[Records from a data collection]
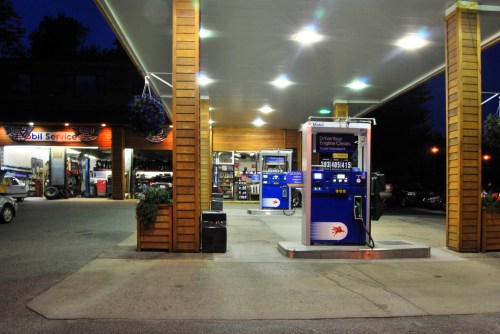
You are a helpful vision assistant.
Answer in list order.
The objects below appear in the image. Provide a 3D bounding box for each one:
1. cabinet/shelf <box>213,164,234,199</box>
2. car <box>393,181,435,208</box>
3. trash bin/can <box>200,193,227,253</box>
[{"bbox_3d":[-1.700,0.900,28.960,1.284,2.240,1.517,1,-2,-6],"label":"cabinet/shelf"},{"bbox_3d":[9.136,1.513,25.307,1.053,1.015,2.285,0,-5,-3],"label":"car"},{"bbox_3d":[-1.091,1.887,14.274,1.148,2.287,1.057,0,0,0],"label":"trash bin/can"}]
--
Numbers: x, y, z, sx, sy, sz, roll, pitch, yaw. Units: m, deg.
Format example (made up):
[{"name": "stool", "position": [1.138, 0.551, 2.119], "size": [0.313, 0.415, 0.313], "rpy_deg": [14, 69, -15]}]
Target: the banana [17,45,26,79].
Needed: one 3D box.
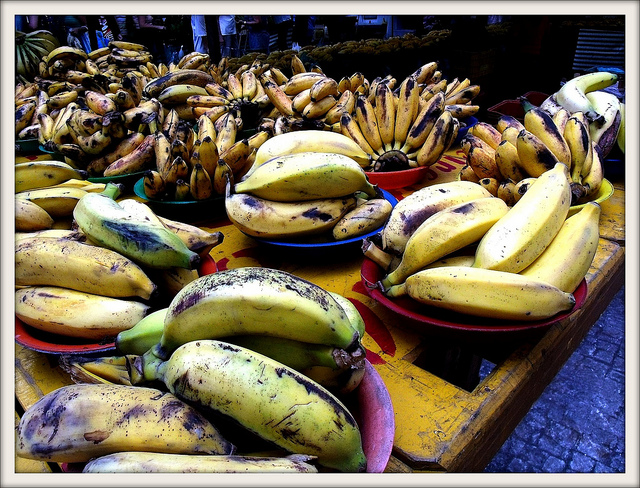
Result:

__PROBLEM REQUIREMENTS__: Working from the records above, write out verbatim only the lines from the line containing "Answer in list order." through the line containing "2. car <box>393,181,435,208</box>".

__TASK RESULT__:
Answer in list order.
The objects below appear in the image. Provide a 3D bounding box for each one:
1. cabinet/shelf <box>213,164,234,199</box>
2. car <box>393,181,435,208</box>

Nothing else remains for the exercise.